In an hourlong strategy session this week, Mr. Obama urged Democratic leaders in Congress to cool their rhetoric in the negotiations to come and warned them not to “draw a line in the sand.”
From the White House’s perspective, the debt limit is nothing to fool around with. Without borrowing authority, Treasury Secretary Timothy F. Geithner would have to forgo payments on our debts, although he has tools at his disposal that allow him to keep paying the bills through Aug. 2.
Still, just the hint that the debt limit would not be lifted would send financial markets here and around the world into turmoil, plunging the dollar and threatening another recession that would end Mr. Obama’s prospects for a second term.
Mr. Obama is now caught between his own spend-like-there’s-no-tomorrow policies and his leftist political base, who oppose any cuts in spending.
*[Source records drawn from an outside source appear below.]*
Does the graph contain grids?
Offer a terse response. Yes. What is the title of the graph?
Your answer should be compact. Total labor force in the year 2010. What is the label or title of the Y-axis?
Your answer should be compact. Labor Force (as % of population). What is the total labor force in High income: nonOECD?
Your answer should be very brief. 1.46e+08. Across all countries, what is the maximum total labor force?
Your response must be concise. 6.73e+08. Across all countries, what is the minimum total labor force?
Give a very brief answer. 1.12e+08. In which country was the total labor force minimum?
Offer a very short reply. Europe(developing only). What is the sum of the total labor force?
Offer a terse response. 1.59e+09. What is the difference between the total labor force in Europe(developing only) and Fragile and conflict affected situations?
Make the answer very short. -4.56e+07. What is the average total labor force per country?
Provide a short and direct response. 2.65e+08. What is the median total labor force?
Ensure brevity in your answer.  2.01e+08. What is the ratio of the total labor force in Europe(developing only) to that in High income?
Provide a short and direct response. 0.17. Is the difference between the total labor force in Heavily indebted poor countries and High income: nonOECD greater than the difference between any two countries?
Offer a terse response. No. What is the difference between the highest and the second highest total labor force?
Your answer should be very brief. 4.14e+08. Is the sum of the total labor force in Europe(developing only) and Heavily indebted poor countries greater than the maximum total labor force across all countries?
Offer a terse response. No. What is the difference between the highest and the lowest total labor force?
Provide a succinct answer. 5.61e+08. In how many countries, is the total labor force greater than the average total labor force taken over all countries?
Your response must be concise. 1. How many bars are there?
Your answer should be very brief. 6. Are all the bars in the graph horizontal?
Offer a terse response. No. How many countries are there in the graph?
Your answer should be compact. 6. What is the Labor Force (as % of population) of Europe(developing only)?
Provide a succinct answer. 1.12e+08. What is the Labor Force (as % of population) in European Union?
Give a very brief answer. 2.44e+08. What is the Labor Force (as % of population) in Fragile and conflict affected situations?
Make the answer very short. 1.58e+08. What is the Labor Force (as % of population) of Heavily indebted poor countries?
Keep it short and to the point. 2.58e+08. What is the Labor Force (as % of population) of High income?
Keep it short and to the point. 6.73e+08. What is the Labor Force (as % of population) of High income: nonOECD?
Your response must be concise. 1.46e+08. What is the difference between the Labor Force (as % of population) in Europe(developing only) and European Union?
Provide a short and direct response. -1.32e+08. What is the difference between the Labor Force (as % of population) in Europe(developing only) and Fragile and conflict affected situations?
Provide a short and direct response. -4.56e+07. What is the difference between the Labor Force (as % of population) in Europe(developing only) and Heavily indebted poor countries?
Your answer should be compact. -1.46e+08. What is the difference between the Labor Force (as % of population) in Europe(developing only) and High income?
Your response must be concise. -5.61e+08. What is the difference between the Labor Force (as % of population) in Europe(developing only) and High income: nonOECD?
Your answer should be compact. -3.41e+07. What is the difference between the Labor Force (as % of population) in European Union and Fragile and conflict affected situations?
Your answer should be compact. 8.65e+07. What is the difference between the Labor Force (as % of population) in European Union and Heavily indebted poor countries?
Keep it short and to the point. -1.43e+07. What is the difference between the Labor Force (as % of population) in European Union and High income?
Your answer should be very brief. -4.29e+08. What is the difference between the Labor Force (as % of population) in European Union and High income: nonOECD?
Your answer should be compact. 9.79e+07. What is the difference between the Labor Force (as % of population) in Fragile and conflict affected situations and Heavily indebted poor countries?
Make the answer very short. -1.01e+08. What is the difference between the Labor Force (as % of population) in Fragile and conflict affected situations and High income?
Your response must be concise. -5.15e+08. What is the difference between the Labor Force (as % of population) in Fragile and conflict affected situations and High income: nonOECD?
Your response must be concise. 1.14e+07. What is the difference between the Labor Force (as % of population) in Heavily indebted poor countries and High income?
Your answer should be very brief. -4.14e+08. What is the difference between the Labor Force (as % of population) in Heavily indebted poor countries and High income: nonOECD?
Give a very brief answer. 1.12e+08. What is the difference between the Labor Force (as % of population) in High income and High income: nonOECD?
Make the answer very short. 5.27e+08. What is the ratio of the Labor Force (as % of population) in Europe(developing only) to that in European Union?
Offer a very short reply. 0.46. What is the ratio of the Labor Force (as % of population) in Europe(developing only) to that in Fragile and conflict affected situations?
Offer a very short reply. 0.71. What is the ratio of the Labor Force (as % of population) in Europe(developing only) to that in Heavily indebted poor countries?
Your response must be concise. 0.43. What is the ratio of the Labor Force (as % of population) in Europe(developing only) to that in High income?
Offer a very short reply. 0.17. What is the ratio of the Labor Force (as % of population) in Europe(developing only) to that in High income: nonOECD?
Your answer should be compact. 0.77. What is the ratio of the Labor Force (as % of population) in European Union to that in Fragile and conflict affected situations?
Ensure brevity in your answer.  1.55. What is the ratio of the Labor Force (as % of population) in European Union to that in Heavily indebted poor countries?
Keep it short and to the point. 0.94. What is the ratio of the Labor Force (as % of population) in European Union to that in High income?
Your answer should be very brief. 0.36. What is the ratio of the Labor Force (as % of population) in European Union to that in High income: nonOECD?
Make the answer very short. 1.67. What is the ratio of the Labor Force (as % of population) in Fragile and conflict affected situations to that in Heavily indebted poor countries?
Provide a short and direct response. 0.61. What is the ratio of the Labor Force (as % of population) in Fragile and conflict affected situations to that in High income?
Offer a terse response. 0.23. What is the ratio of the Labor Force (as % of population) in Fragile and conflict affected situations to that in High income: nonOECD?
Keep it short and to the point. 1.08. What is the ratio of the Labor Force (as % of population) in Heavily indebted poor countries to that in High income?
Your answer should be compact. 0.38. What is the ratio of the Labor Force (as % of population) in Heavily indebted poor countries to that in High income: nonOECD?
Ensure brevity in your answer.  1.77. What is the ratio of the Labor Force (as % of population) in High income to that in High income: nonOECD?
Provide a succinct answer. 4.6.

The far-left Moveon.org is urging all Democrats not to agree to any deal that includes cutting Medicare.
Meantime, several dozen business groups, including the U.S. Chamber of Commerce and some of the nation’s largest banks, sent a letter urging lawmakers to raise the debt ceiling in “timely” steps but said nothing about spending cuts.
“Raising the statutory debt limit is critical to ensuring global investors’ confidence in the creditworthiness of the United States,” they said.
In the end, the debt limit will be raised - perhaps in incremental steps - with an agreement to cut spending by some amount over the next 10 years.
However, it isn’t exactly clear how much that debt limit agreement will govern the third battle to come this summer over the size and shape of the 2012 budget and the appropriations to put it into effect.